自分に合った住宅ローンのアドバイスを受けるのであれば、独立したアドバイザーを選ぶことをおすすめします。
住宅ローンアドバイザーはどんな時に役立つのか?
住宅ローンアドバイザーは、主に2つの内容に関しての知識を持っています。
- その家庭の収入などを分析する能力
- 住宅ローンの知識
特に、その家庭の収入などを分析する能力は重要です。
どれだけ住宅ローンの知識があっても、その家庭が住宅ローンの支払いに厳しくなってしまっては意味がありません。
同じ家族構成や年齢であっても、各個人によって、将来の支出や家族構成などが変わります。その家庭が住宅ローンを組んだ時に、どのようなリスクがあり、どのような対策が必要なのかをアドバイスするために、住宅ローンアドバイザーの資格が必要なのです。
住宅ローンアドバイザーの計算は合っているのか?
住宅ローンアドバイザーの住宅ローンに関する計算は正しいのでしょうか?
住宅ローンアドバイザーの試験合格後に、合格者は専用の計算ソフトを使用できます。返済方法をさまざまな角度から検証してくれるため、計算を間違う心配はありません。
もし、心配なようであれば、さまざまな住宅ローンシミュレーションサイトがありますので、確認するとよいでしょう。
住宅ローンアドバイザーはどんなアドバイスをするのか?
住宅ローンアドバイザーは、まずはその家庭の家計・収入・家族構成などを把握します。その基本情報より、各住宅ローンの金利・借入れ期間などから問題の無い返済計画などをアドバイスします。

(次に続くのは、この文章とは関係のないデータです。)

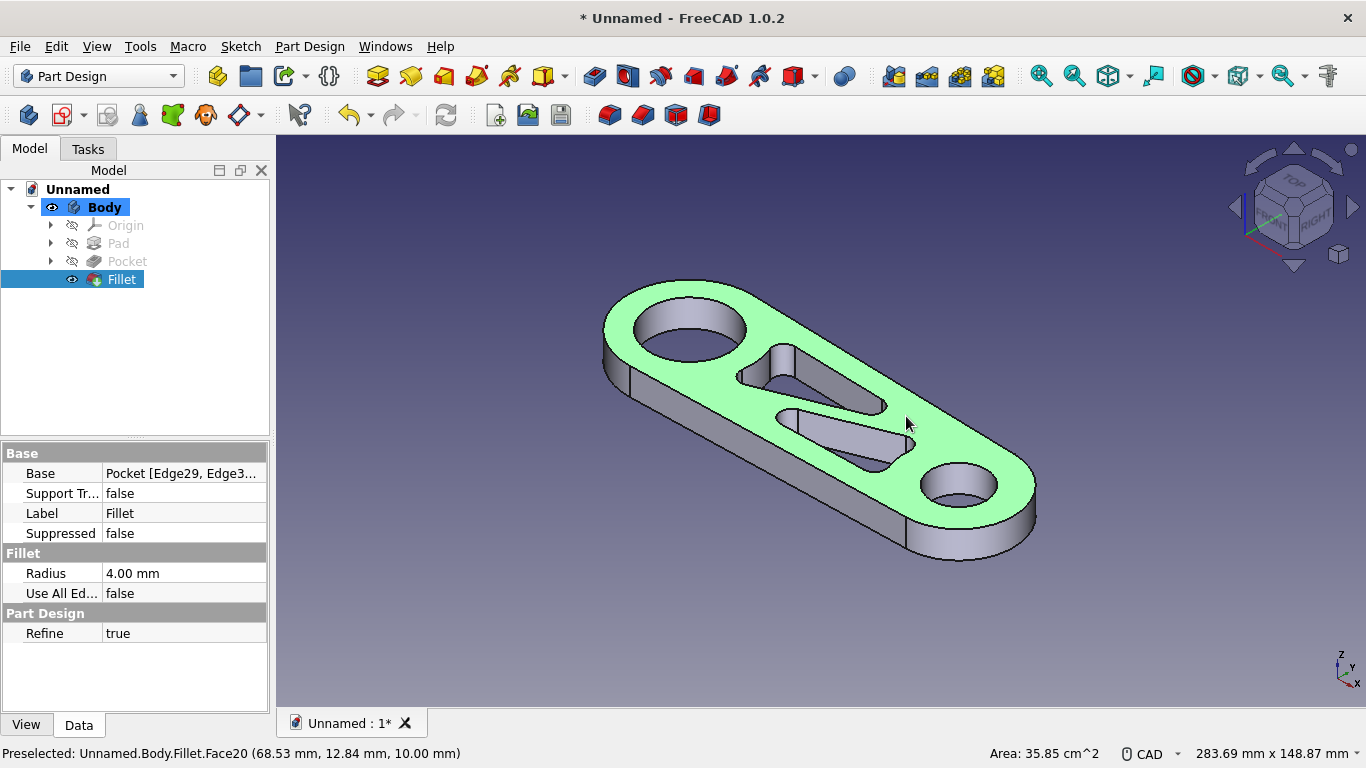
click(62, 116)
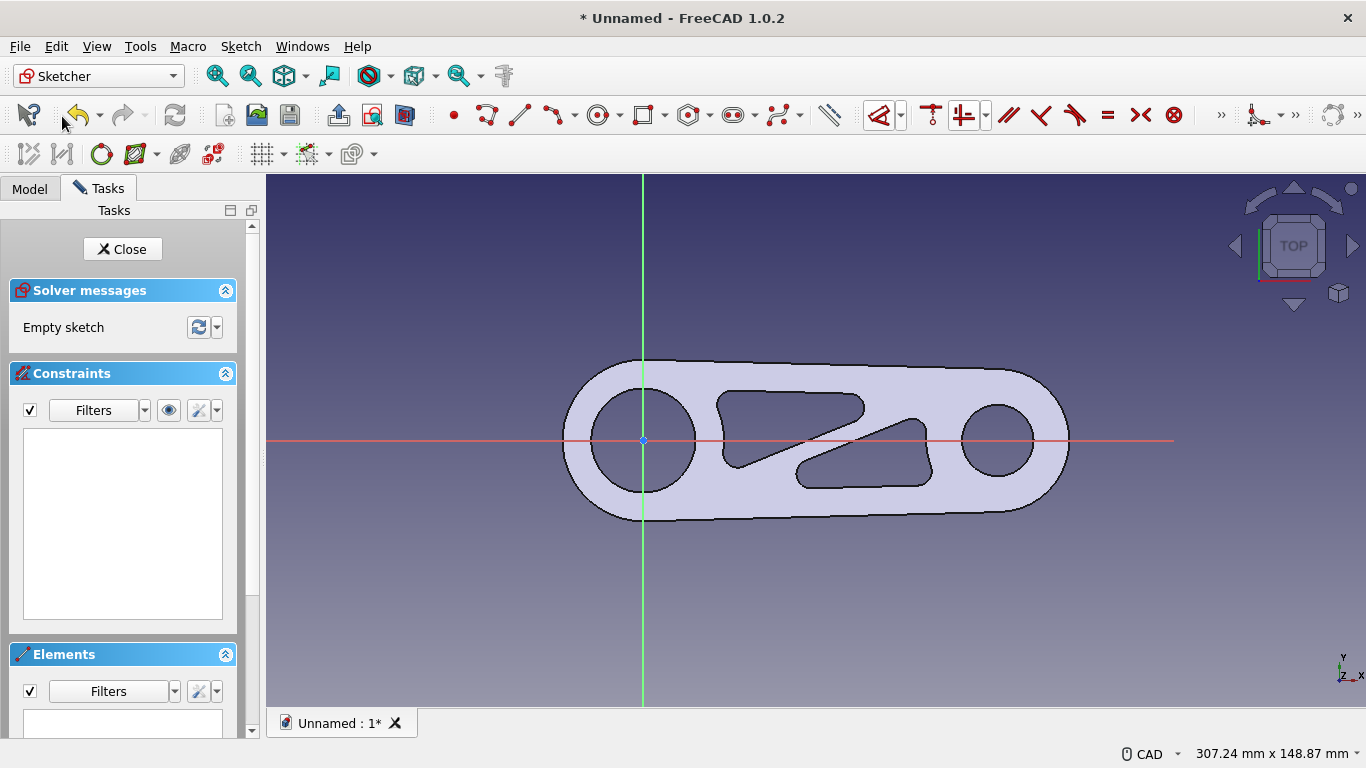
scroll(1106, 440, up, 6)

あくまでアドバイザーですので、相談者が何をどうしたいかの意思を持って相談することで、よりよい結果をもたらします。
住宅ローンアドバイザーができる事、できない事とは?
住宅ローンアドバイザーができる事は?
住宅ローンアドバイザーができる事は、下記のアドバイスです。
【住宅ローンアドバイザーができる事】
- 住宅ローンの基本情報
- 金利の種類と返済方法の違い
- 借りられるローンと返せるローンの違い
- 実際のローン金額の計算
- 住宅に関する税金の計算
- 繰り上げ返済
- 住宅ローンの借り換え
住宅ローンアドバイザーができない事は?
それでは、住宅ローンアドバイザーができない事は何でしょうか?
資格試験では、住宅ローンのみを学習します。よって、住宅に関しては住宅ローン以外の事は学習しません。
具体的には下記のようなものが挙げられます。
【住宅に関する住宅ローンアドバイザーができない事】
- 建物の構造や施工に対する知識
- 不動産の紹介
- 不動産のリフォーム
- 住宅ローンの契約
よって、住宅ローンアドバイザーのみの資格でできる仕事というのはあまりありません。
住宅ローンアドバイザーは、ファイナンシャル・プランナーや司法書士や宅地建物取引士などの住宅に関係する資格を持っている人が多くなっています。
住宅ローンアドバイザーまとめ
住宅ローンアドバイザーについて解説しました。
あまりなじみのなかった住宅ローンアドバイザーの資格を、理解していただけたのではないでしょうか?
住宅は、人生の買い物の中でも最も高いものと言われています。住宅ローンは金利も含めると、数千万円にもなり、お得な商品を選ぶだけでも、車1台分もしくはそれ以上は変わってきます。
本文の中でも解説していますが、住宅ローンアドバイザーには、自分たちの報酬を優先する人もいます。
可能であれば独立した住宅ローンアドバイザーを担当にするか、複数の住宅ローンアドバイザーの意見を聞くことで、自分に合った住宅ローンが見つかると考えられますので、住宅ローンを申し込む前に住宅ローンアドバイザーを探すようにしましょう。